The exact mechanics in Smoke 5:

  • Unit tests imported pathNormalize (from tools/path-normalization.mjs) and defaultPathNormalize (from tools/shell-content-rules.mjs) separately. Each test called one of the two with inline mock inputs and asserted on the return value. Both helpers were exercised in isolation and both returned the expected normalized strings, so the test suite reported GREEN.
  • Live behavior FAILED because the actual hook chain went through resolvePathNormalize()pathNormalize(). The resolvePathNormalize() function (Stream A's win32 separator handling) had a bug that did not collapse backslash sequences. The live hook never reached defaultPathNormalize() because the resolver short-circuited on the bugged branch.
  • The debug script .scratch/smoke5-trace.mjs bypassed the live resolver in the same way the unit tests did: it imported pathNormalize and defaultPathNormalize directly and called each independently. So the debug script ALSO returned GREEN — false-green — and the controller initially shipped a "fix" that did not actually exercise the bug.

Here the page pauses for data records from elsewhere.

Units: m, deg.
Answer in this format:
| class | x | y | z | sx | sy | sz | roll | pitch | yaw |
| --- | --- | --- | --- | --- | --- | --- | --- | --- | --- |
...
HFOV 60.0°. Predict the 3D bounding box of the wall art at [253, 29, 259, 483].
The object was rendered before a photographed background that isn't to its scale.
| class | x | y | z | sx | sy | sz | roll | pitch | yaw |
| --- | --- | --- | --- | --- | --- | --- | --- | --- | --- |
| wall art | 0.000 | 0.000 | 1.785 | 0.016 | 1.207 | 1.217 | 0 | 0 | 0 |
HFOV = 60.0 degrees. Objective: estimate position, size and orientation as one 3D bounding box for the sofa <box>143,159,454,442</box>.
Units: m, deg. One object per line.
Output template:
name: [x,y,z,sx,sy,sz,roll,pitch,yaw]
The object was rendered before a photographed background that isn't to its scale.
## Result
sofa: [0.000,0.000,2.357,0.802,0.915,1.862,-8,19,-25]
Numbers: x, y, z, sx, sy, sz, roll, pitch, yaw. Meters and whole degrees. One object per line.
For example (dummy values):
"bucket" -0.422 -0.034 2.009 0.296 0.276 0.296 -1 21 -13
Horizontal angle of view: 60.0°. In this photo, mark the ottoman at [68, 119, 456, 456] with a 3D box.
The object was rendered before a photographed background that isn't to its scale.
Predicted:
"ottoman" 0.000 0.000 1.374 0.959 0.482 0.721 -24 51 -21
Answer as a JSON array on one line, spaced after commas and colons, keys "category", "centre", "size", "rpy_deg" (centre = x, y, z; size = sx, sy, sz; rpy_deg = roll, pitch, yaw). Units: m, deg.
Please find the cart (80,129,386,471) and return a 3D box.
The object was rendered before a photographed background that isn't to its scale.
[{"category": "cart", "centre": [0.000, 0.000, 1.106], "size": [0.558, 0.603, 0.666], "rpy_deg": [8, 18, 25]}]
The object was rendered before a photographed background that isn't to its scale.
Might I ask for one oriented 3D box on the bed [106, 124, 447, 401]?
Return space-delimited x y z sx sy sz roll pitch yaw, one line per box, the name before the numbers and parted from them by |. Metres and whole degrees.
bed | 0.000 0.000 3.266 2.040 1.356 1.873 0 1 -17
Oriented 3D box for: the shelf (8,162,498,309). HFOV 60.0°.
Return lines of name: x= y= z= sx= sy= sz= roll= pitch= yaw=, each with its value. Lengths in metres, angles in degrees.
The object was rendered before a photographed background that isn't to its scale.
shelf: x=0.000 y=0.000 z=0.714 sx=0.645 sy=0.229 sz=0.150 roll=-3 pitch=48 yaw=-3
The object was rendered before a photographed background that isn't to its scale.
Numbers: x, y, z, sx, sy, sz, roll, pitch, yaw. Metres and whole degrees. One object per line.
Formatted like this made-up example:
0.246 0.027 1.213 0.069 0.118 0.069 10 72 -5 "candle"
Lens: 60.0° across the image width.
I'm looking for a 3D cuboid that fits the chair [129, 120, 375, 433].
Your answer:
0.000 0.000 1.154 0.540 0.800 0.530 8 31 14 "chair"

Lesson: unit tests with inline mocks may give false-green if they do not use the same resolver function the live code uses. Always include at least one integration test that exercises the live resolver path with the same inputs as the live tool call.

Contrast pattern (forbidden vs recommended):

// FORBIDDEN — bypasses resolver, gives false-green
import { pathNormalize } from "../tools/path-normalization.mjs";
import { defaultPathNormalize } from "../tools/shell-content-rules.mjs";

test("normalize win32 path", () => {
  expect(pathNormalize("C:\\foo\\bar")).toBe("C:/foo/bar");
});
// RECOMMENDED — exercises the resolver the live hook uses
import { resolvePathNormalize } from "../tools/enforce-router-gate.mjs";

test("live resolver normalizes win32 path", async () => {
  const normalize = await resolvePathNormalize();
  expect(normalize("C:\\foo\\bar")).toBe("C:/foo/bar");
});

The recommended pattern hits whichever helper the resolver selects, so a bug in either the resolver itself or the selected helper will surface in CI before the change reaches a live restart-test.

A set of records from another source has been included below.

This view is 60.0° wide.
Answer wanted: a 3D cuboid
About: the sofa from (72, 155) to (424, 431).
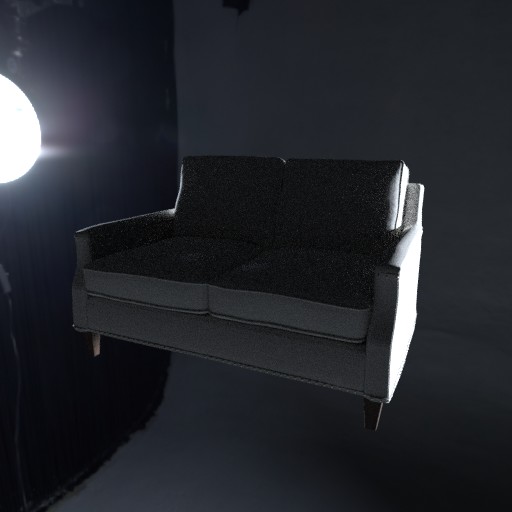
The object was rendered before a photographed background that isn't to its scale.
[{"bbox_3d":[0.000,0.000,2.322,1.597,1.003,1.084,7,16,25],"label":"sofa"}]
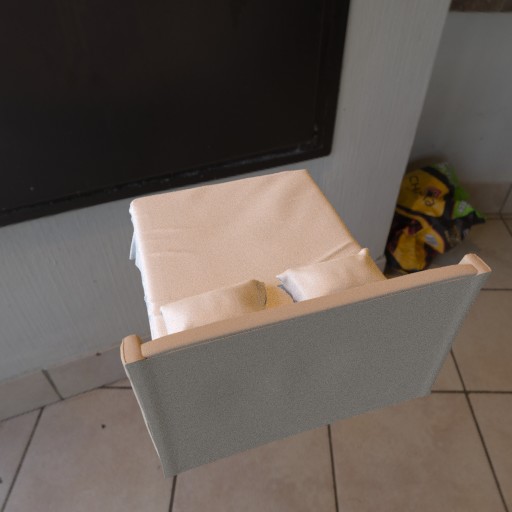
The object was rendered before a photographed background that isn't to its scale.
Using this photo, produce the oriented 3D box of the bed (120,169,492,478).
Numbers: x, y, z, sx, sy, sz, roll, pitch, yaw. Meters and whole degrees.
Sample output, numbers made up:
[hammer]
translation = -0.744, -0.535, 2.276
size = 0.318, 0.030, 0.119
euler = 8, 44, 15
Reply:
[bed]
translation = 0.000, 0.000, 3.329
size = 1.925, 1.332, 2.276
euler = -12, 45, -13
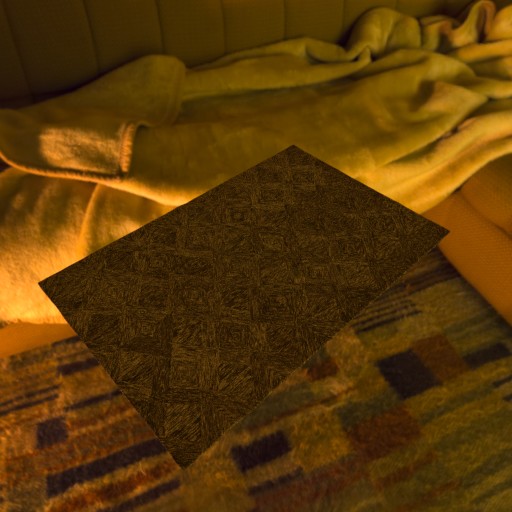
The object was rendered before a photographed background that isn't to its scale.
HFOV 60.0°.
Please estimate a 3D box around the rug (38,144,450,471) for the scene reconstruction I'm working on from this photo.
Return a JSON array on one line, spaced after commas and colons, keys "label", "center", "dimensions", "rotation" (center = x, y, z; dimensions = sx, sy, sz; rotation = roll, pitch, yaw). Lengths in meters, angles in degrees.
[{"label": "rug", "center": [0.000, 0.000, 2.280], "dimensions": [1.808, 0.011, 1.189], "rotation": [-34, 55, -28]}]

Smoke methodology — statusline-setup vs semgrep-scanner

Choosing the right subagent_type for a smoke test matters because each subagent's system prompt biases its responses.

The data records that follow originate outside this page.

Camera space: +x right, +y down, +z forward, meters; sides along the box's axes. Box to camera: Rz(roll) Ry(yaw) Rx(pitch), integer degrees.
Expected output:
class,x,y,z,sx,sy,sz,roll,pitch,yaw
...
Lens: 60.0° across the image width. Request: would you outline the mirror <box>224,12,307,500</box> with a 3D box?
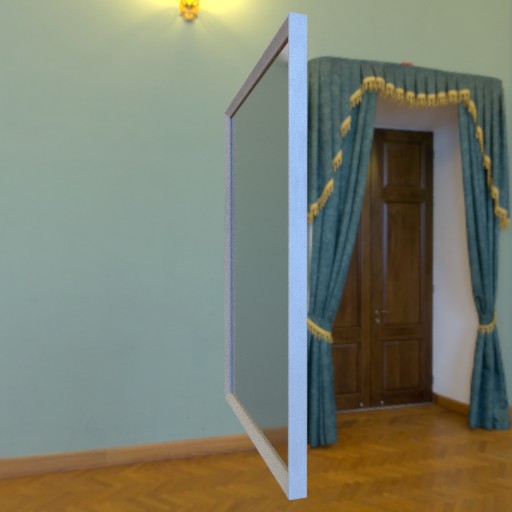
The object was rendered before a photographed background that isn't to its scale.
class,x,y,z,sx,sy,sz,roll,pitch,yaw
mirror,0.000,0.000,1.129,0.041,0.915,0.609,0,0,-15
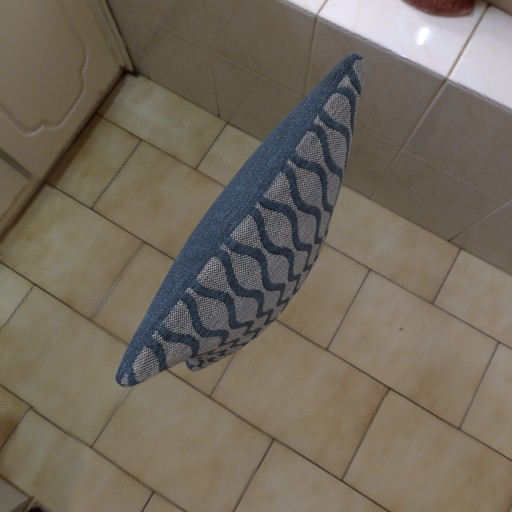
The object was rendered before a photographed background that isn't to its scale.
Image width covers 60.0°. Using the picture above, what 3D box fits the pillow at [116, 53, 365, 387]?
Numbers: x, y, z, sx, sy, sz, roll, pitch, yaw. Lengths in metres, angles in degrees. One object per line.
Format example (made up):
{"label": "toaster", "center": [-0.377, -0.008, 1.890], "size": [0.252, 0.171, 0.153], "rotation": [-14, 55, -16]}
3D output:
{"label": "pillow", "center": [0.000, 0.000, 0.660], "size": [0.159, 0.435, 0.435], "rotation": [33, 78, 8]}
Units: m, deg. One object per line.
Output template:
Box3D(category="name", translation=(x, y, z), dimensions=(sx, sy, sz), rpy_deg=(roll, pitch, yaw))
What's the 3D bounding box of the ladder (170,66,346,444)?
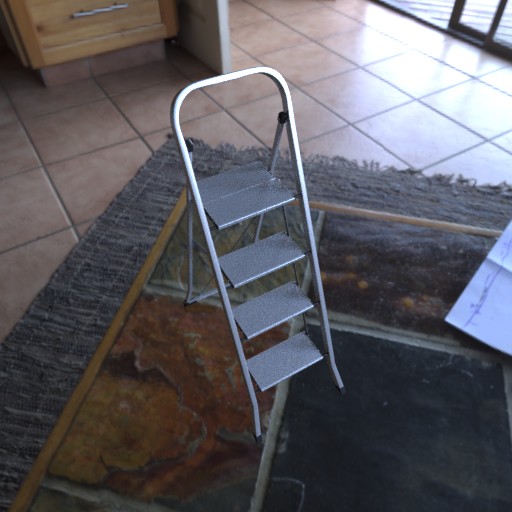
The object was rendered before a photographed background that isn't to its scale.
Box3D(category="ladder", translation=(0.000, 0.000, 1.711), dimensions=(0.465, 1.290, 0.830), rpy_deg=(-23, 51, -20))
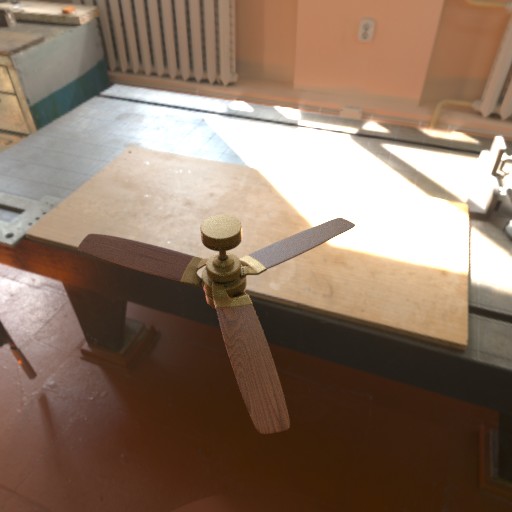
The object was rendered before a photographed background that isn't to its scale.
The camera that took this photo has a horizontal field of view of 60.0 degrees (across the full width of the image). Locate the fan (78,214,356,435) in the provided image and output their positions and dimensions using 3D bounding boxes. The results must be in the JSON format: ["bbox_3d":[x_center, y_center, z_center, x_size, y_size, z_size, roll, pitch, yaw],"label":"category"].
[{"bbox_3d":[0.000,0.000,2.029,1.271,0.425,1.416,-24,46,-26],"label":"fan"}]

  • statusline-setup subagent_type carries a system prompt that defaults the subagent to "I am the statusline configurator" behavior. For tasks that fit that frame (configure a statusline, attempt one tool call and report whether the gate allowed it), this works. For tasks that ask the subagent to reproduce arbitrary content verbatim — an echo-probe — the system prompt overrides the user task and the subagent returns a self- description instead. Smoke 9 Run 1 is the canonical evidence: the subagent ignored the BENIGN MARKER ALPHA + hex + JSON request and responded with statusline-configuration prose.
  • semgrep-scanner subagent_type has a more pliable system prompt that does not force a self-description frame. It successfully echoed the BENIGN MARKER ALPHA + hex + JSON blocks in Smoke 9 Run 2 with the same input the Run 1 subagent had ignored.
  • Gate-inheritance smokes, where the subagent need only attempt one tool call and report what the hook returned (e.g. Smoke 7), are not echo-probes. The subagent's natural response shape is "I tried X and the gate said Y" which fits the statusline-setup frame well enough. Smoke 7 returned PASS with statusline-setup and the BLOCK message was correctly echoed because it arrived as a tool_result, not as user content the subagent had to reproduce.

When to use each:

  • Use semgrep-scanner for:
    • Echo-probe smokes (reproduce a specific marker / hex / JSON verbatim).
    • Smokes that test for content-rule fabrication (subagent must NOT alter the input).
    • Smokes that test multi-paragraph response fidelity.
  • Use statusline-setup for:
    • Gate-inheritance smokes (one tool call, report tool_result).
    • Smokes that test whether the subagent's spawn inherits the gate at all (the system prompt's narrowness actually helps focus the test).
    • Quick "did the BLOCK message reach the subagent" checks.

If in doubt for a new smoke design, prefer semgrep-scanner and only switch to statusline-setup if the smoke explicitly needs the narrower frame.